Rick Hodsdon:  That would probably depend on the level of the restrictions, and a person, not everybody who’s out on Family Medical Leave Act is going to come back and be ADA covered. They may not be disabled. For something to be a disability for ADA purposes, it typically requires it to be lifetime or long established. If somebody comes back after having been diagnosed with some chronic condition like diabetes, then when they come back, yes, the rest of their life as an employee, they’re going to be meeting the criteria of being ADA covered. If they went out because they broke a wrist and now the wrist is healing just fine, it’s mending, they can come back on duty with a cast on their wrist, then I don’t think they’re ADA covered from a reasonable accommodation standpoint. Whether your agency chooses to have a light duty position, a lot of them don’t, that is a wholly separate and distinct issue and that’s something we’re going to talk about in my return, they talk about the ADA, so everybody should come back and listen to that discussion.

 

 

Audience Question: Does the FMLA docs separation requirement apply within the correctional system for incarcerated individuals?

Rick Hodsdon: FMLA applies to employees and inmates are not treated as employees for FMLA purposes.

 

Audience Question: Many correctional facilities outsource medical care and treatment. What are the requirements for the storage and handling of confidential medical records?

Rick Hodsdon: FMLA does not deal with inmates but under other statutes there is usually a requirement to protect the privacy of medical records. If the medical record is stored electronically HIPAA might apply and usually there are state laws dealing with medical data privacy protections.

 

 

Audience Question: An employee is on FMLA for the birth of a child. He has a second job at another agency and worked shifts here and there at that agency. We were told he is allowed to do that because he was given FMLA and we cannot dictate what he does with his time. Is this correct?

Rick Hodsdon:  That may depend on when he is working the other job. If it is during times he would not be working for you then he is likely protected. If he is working during times that he would have been on shift for you then that may be FMLA leave abuse you can act on.

 

Audience Question: How long initially do you have to be out to qualify for FMLA?

Rick Hodsdon: This is fluid and depends on the medical condition. Many agencies use a three-day factor but it really depends on the medical issues.

 

Audience Question: How long does an employer hold intermittent leave as a reduction of the 12 weeks? Does it “reset” after 1 year?

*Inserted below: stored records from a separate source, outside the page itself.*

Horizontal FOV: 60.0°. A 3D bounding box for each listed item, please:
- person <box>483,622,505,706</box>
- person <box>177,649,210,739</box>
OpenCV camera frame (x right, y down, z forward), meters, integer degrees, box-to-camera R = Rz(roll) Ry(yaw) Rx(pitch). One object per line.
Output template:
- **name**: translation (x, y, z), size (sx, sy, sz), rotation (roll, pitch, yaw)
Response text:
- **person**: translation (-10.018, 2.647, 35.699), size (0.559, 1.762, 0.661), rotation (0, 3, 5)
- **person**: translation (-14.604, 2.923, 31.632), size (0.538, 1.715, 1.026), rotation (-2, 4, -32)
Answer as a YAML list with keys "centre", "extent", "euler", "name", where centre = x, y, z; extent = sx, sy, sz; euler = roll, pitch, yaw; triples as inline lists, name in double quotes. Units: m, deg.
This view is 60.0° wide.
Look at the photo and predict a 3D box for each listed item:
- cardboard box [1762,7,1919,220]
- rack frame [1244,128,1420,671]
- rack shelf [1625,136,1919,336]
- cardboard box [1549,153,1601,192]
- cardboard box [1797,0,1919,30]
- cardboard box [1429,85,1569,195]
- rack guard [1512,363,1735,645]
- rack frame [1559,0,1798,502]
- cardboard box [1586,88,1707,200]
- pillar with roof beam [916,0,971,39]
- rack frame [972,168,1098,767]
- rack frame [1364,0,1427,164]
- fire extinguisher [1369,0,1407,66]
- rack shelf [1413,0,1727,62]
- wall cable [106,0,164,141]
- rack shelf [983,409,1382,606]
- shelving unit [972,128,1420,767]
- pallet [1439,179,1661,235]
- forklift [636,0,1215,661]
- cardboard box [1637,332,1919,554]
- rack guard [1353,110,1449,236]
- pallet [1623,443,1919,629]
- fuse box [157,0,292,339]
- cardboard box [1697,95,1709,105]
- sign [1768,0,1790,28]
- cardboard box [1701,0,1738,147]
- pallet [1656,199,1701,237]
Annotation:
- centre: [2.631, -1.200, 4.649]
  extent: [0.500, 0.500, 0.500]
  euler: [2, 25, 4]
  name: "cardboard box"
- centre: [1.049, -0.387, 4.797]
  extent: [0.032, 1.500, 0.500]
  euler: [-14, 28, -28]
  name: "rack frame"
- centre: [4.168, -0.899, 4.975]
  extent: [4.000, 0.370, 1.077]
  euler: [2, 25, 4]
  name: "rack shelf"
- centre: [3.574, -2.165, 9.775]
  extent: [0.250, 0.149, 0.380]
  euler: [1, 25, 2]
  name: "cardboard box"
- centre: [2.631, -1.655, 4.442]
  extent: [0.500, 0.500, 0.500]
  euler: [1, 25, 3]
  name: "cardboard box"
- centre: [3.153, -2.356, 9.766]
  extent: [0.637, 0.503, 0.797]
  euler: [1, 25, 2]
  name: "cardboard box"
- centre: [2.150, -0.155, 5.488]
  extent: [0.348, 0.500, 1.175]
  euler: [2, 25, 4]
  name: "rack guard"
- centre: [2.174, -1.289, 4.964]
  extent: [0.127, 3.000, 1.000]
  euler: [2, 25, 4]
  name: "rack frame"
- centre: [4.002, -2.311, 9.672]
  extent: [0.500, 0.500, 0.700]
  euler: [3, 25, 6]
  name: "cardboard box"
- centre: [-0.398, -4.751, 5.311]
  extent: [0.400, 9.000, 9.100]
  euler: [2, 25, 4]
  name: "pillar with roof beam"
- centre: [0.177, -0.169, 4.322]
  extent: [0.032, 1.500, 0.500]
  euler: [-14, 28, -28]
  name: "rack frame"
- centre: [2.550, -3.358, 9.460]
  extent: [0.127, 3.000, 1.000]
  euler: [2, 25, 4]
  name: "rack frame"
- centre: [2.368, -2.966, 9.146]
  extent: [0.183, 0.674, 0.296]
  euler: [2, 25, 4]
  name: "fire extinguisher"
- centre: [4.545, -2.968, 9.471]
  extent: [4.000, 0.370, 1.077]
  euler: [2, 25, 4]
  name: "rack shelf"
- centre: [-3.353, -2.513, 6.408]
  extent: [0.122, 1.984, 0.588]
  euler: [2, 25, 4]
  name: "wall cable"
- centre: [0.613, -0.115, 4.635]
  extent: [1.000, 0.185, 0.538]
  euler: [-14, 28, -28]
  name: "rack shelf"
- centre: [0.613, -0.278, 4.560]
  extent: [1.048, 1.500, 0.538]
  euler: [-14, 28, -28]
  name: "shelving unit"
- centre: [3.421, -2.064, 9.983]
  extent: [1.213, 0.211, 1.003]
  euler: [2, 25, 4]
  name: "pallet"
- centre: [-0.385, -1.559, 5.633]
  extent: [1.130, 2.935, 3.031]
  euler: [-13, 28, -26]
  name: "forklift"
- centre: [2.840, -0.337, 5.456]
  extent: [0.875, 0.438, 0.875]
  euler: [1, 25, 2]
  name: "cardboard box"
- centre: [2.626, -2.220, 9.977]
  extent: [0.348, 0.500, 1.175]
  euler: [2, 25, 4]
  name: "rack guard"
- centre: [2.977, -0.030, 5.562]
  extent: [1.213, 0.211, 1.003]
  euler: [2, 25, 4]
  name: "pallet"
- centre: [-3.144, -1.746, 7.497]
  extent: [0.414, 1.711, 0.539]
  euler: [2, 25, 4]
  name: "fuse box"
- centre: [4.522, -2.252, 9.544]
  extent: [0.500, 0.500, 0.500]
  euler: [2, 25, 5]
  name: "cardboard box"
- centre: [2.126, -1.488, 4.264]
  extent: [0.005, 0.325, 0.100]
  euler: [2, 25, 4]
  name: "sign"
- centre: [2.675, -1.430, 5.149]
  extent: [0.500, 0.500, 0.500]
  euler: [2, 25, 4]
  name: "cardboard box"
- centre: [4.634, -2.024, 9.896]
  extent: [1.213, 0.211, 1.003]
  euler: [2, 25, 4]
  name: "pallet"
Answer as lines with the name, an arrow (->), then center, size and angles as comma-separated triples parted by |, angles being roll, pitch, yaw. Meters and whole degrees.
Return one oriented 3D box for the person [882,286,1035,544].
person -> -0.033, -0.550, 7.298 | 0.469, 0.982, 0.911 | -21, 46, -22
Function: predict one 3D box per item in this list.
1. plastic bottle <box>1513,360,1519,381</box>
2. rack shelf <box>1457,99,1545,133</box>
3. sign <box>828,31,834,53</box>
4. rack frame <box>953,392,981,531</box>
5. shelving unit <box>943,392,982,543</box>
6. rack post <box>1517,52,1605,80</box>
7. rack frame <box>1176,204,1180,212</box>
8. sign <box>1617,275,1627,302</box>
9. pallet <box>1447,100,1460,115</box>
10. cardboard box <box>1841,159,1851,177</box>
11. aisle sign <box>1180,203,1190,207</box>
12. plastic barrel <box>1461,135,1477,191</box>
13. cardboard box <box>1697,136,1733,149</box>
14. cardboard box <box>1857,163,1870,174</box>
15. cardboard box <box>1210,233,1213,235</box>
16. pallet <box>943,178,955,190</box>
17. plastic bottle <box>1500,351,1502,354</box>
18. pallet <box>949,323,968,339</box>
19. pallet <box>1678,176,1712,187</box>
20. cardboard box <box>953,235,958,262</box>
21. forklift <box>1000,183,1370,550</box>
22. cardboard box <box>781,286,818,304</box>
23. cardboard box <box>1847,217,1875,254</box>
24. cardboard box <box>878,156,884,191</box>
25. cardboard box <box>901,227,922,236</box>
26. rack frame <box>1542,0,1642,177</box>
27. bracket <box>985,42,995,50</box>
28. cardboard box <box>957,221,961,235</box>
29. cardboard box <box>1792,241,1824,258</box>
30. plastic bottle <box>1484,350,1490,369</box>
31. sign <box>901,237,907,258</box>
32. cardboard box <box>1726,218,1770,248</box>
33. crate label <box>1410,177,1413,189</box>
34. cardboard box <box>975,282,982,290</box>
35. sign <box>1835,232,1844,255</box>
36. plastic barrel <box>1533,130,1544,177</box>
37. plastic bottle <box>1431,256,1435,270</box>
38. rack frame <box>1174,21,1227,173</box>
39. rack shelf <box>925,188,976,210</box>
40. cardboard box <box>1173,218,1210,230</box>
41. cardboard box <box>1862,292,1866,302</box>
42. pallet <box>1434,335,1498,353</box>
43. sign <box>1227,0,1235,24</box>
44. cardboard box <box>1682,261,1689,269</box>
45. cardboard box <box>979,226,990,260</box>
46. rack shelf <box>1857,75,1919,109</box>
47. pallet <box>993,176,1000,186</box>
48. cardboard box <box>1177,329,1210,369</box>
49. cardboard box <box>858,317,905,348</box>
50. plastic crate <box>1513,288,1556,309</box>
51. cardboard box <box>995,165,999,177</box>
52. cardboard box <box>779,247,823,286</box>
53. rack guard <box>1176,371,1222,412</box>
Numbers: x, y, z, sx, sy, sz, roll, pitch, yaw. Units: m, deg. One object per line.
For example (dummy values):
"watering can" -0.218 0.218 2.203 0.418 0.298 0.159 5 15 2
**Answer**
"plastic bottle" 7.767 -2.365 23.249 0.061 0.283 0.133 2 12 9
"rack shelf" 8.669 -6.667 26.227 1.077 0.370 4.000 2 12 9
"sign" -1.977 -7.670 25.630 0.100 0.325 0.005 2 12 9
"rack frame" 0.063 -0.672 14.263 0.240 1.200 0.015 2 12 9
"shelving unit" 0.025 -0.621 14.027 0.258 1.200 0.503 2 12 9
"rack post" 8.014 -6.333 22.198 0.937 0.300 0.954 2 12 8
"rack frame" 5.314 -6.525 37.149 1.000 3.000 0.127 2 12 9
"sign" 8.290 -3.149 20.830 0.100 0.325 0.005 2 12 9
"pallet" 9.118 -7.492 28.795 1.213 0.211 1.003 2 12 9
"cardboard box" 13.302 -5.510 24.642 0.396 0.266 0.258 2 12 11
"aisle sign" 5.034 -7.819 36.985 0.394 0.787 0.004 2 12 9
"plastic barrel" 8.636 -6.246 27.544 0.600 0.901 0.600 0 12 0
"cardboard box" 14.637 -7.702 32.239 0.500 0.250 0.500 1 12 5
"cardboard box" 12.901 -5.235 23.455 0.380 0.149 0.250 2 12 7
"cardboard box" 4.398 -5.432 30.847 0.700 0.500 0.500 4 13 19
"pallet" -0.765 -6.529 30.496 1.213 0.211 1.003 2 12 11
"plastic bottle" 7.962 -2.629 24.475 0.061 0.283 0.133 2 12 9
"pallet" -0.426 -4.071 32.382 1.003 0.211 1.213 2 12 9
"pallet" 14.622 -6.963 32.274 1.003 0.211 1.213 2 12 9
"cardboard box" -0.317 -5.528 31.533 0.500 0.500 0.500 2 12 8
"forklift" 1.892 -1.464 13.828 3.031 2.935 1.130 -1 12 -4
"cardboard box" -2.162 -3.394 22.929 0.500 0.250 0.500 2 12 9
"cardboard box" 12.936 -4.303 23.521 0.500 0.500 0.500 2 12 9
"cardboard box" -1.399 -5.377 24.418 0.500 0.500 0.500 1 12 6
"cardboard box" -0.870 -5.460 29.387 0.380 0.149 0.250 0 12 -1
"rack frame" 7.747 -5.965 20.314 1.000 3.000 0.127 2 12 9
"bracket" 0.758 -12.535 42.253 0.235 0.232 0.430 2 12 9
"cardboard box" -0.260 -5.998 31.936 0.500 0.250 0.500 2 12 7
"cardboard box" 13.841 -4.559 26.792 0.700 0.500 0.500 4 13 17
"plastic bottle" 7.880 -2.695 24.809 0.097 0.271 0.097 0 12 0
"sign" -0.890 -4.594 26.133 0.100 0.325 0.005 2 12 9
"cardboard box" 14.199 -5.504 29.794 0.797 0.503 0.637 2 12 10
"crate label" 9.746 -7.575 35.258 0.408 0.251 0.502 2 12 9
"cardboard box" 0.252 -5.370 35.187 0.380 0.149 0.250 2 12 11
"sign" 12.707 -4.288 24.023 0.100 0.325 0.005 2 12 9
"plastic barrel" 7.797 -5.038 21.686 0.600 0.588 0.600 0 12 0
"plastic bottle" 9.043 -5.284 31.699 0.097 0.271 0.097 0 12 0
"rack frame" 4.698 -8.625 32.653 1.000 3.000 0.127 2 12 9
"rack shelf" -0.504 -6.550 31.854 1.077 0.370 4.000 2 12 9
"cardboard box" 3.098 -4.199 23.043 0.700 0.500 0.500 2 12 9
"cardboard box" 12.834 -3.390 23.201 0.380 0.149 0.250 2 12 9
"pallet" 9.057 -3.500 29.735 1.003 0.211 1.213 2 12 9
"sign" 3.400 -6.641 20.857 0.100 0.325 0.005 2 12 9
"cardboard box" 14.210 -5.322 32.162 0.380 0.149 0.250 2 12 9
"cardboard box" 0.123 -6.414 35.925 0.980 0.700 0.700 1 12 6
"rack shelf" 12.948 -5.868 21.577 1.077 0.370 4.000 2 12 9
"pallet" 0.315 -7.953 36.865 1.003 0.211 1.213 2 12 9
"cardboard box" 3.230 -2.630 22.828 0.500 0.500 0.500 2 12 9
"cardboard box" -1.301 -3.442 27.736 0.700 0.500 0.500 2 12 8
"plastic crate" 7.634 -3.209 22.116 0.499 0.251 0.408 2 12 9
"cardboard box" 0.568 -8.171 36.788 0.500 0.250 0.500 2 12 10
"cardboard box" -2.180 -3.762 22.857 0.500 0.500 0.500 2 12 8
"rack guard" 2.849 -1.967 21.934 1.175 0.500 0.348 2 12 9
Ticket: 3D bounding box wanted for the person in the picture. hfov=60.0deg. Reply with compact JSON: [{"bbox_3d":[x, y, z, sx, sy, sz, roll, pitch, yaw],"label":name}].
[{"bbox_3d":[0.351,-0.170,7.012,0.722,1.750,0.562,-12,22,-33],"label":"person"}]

Rick Hodsdon: It can reset each year so an employee could be on intermittent leave for years as long as they work enough hours to continue to qualify for FMLA.

 

 

Audience Question: We keep medical files separate from the rest of the personnel file. Would FML paperwork need to be kept in another separate file from the medical file?

Rick Hodsdon: If you keep medical separate FMLA can stay there.

 

 

Audience Question: If on FML, should an employee be allowed to work other jobs outside regular employment from which they are on leave?

Rick Hodsdon: If the other job is different work hours then they can probably do that. If they are working that job when they would otherwise work for you then they have an issue.

 

 

Audience Question: Can the agency require that the employee exhaust all annual leave and sick leave before using FMLA intermittent leave?

Rick Hodsdon: No, but you can require paid leave and FMLA be taken at the same time.